━━━ Data listing

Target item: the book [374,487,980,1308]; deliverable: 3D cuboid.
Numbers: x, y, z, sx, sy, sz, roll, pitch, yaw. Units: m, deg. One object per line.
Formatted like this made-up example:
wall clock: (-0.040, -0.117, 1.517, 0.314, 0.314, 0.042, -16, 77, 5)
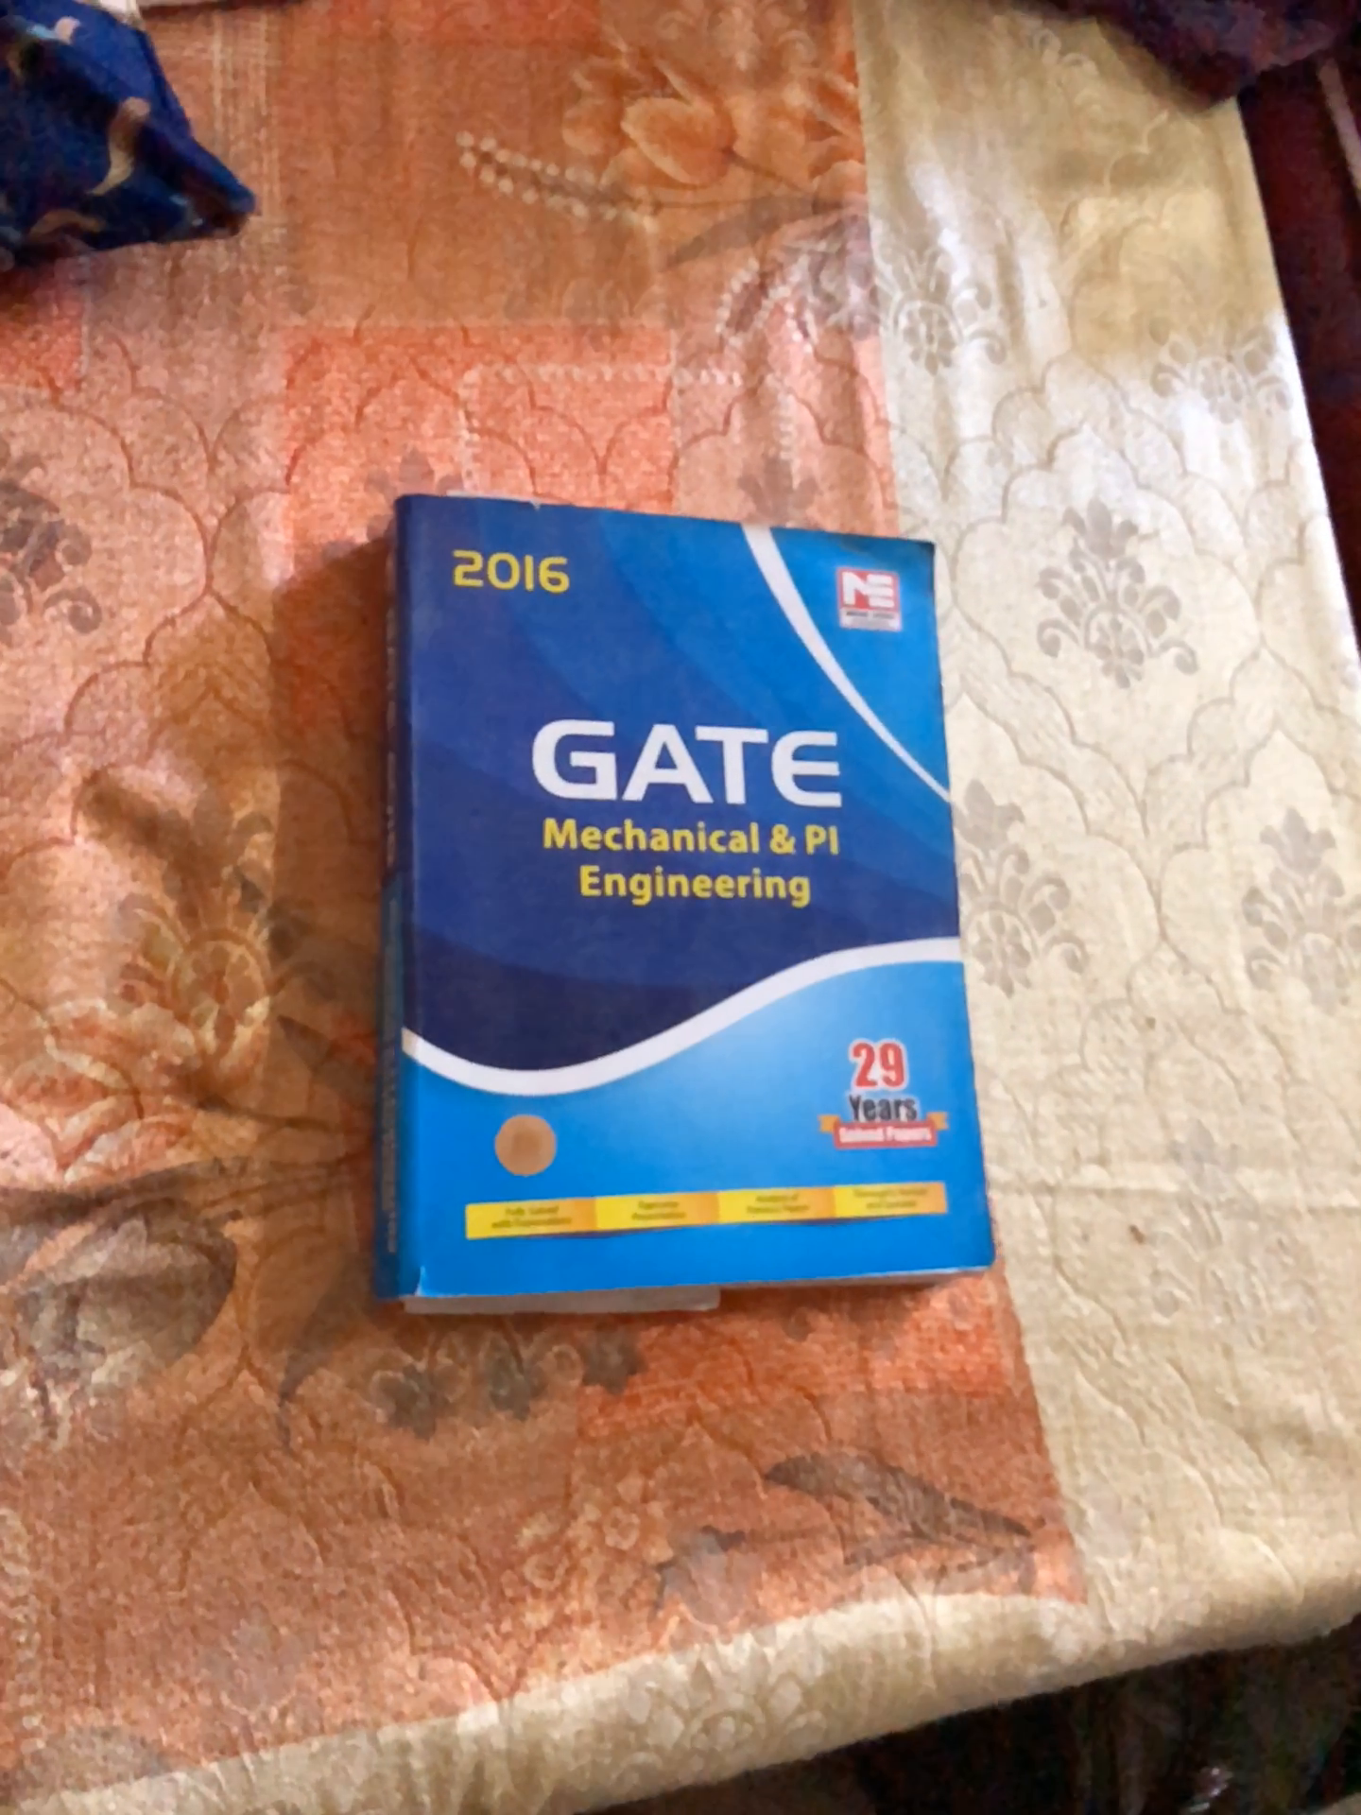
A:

━━━━━━

The result should be an exact copy of the material, containing no pictures.

■ **Your solution**
Target item: the book [374,487,980,1308]; deliverable: 3D cuboid.
Numbers: x, y, z, sx, sy, sz, roll, pitch, yaw. Units: m, deg. One object per line.
Formatted like this made-up example:
wall clock: (-0.040, -0.117, 1.517, 0.314, 0.314, 0.042, -16, 77, 5)
A:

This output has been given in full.